### [Assignment]
In the entries below, find each line with the word "college" and pull it out.

──────── Data supplied

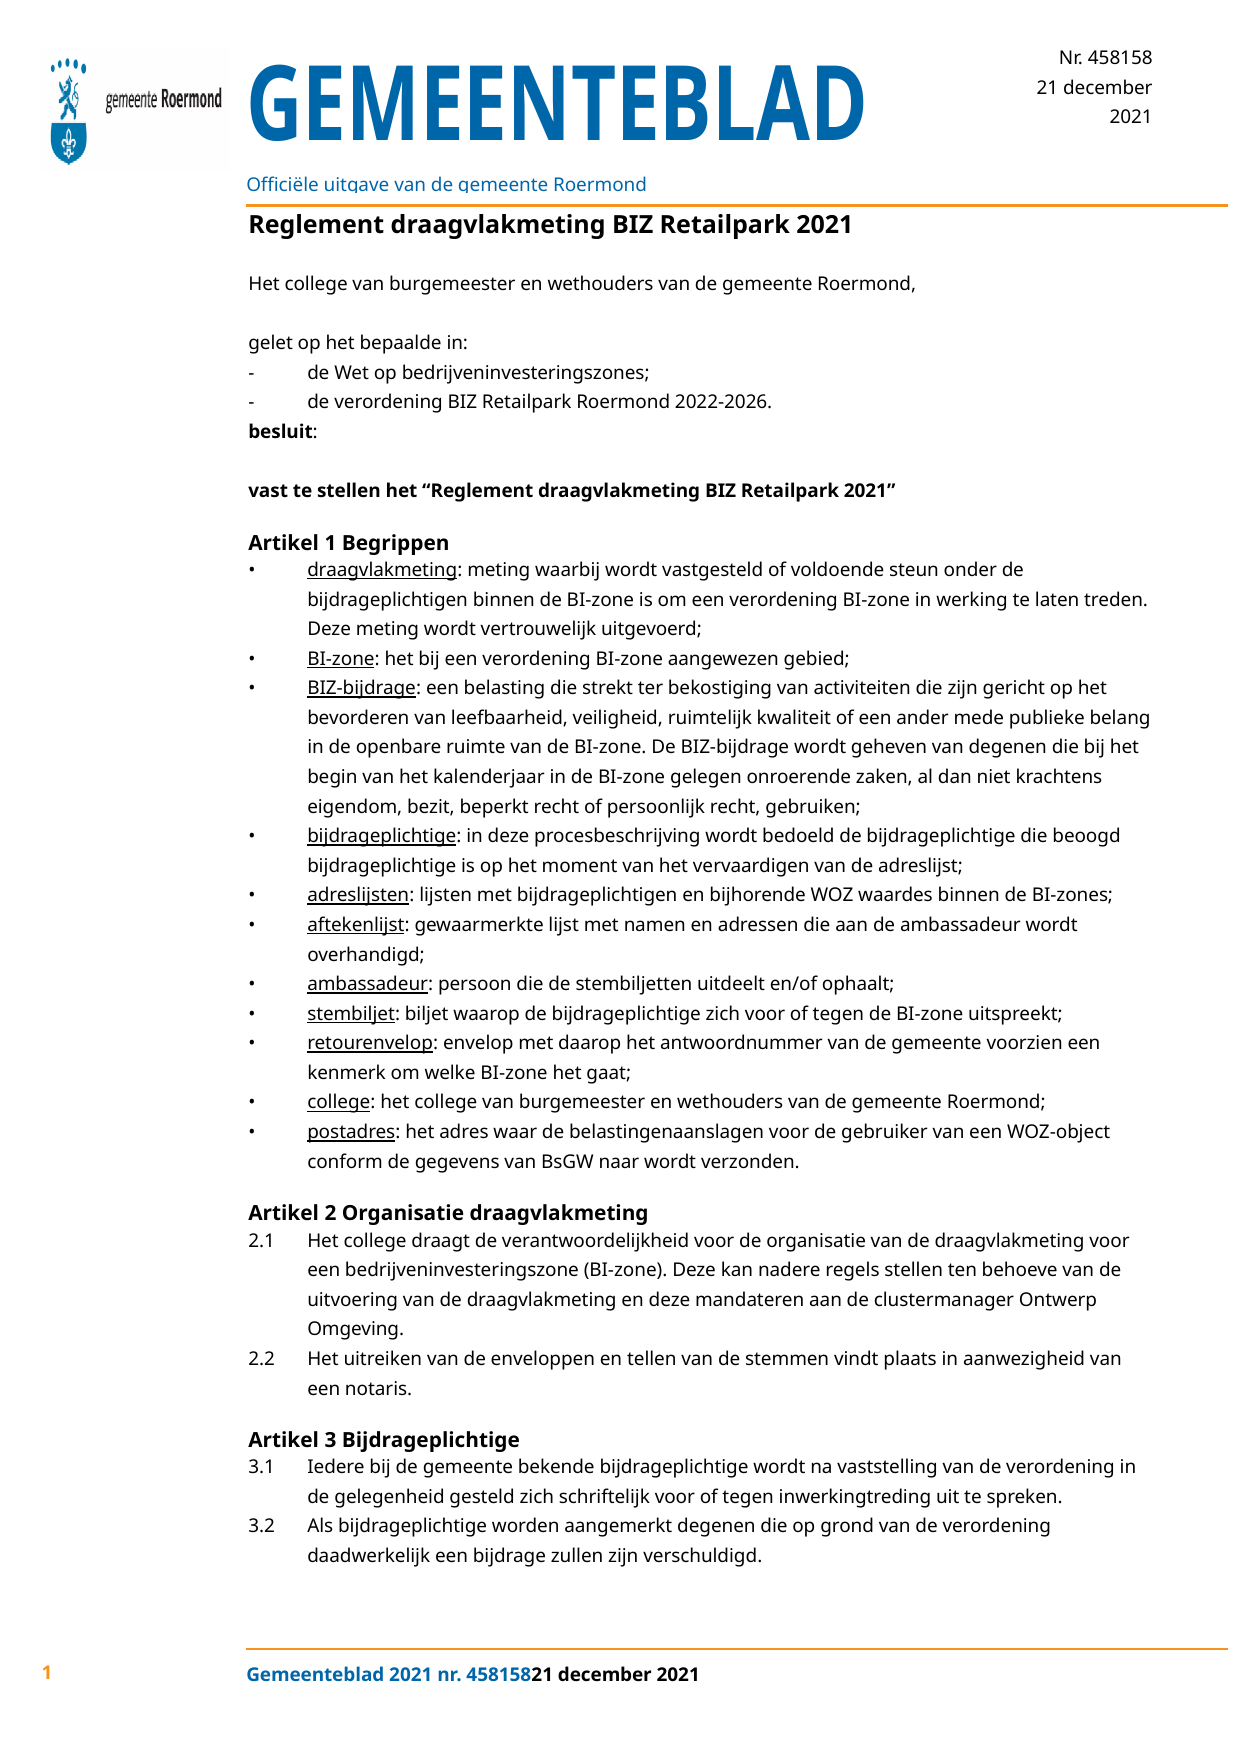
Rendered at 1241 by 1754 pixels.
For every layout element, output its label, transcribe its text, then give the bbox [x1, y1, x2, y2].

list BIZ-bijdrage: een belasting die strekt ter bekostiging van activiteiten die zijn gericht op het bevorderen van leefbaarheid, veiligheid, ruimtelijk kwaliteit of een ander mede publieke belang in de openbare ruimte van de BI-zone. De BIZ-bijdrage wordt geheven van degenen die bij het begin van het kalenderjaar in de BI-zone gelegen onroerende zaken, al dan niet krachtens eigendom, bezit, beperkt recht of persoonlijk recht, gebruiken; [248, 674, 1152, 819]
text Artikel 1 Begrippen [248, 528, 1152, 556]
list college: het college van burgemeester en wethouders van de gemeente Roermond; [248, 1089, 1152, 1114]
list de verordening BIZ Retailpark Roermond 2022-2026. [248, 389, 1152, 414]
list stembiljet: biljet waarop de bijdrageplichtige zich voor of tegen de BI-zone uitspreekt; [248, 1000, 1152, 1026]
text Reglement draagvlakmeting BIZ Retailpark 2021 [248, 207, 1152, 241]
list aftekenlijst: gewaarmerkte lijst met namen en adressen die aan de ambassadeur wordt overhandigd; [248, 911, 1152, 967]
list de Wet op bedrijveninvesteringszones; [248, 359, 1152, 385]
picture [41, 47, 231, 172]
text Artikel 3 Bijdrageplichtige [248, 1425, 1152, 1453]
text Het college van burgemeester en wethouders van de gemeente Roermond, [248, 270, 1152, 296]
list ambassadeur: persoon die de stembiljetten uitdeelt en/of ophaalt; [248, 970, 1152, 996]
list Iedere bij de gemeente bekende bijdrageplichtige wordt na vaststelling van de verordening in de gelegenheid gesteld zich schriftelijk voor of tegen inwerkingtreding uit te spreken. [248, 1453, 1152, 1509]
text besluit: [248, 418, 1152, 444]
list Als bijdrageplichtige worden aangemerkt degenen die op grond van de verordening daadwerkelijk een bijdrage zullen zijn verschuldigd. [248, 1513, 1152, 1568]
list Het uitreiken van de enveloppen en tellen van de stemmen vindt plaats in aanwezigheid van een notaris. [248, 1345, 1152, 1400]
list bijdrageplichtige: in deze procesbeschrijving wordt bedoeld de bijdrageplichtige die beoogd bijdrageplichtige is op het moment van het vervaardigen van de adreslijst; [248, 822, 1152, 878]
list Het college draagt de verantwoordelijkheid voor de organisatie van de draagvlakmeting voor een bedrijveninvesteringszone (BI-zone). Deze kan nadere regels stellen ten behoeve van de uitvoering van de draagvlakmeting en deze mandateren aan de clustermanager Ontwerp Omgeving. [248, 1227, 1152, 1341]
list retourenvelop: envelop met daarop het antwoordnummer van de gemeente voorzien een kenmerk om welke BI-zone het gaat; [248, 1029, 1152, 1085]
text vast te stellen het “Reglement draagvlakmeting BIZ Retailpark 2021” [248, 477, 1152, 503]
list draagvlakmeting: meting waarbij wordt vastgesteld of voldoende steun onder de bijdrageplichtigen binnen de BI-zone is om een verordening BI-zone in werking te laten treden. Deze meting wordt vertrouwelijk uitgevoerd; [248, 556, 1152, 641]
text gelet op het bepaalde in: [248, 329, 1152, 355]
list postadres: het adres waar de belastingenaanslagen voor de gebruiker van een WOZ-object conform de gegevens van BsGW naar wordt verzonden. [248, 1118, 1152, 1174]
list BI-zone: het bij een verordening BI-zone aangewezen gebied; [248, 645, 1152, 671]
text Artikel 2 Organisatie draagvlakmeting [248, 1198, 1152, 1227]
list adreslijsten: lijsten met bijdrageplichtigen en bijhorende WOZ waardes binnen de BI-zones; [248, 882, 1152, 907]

────────────────

### [Answer section]
list college: het college van burgemeester en wethouders van de gemeente Roermond; [248, 1089, 1152, 1114]
text Het college van burgemeester en wethouders van de gemeente Roermond, [248, 270, 1152, 296]
list Het college draagt de verantwoordelijkheid voor de organisatie van de draagvlakmeting voor een bedrijveninvesteringszone (BI-zone). Deze kan nadere regels stellen ten behoeve van de uitvoering van de draagvlakmeting en deze mandateren aan de clustermanager Ontwerp Omgeving. [248, 1227, 1152, 1341]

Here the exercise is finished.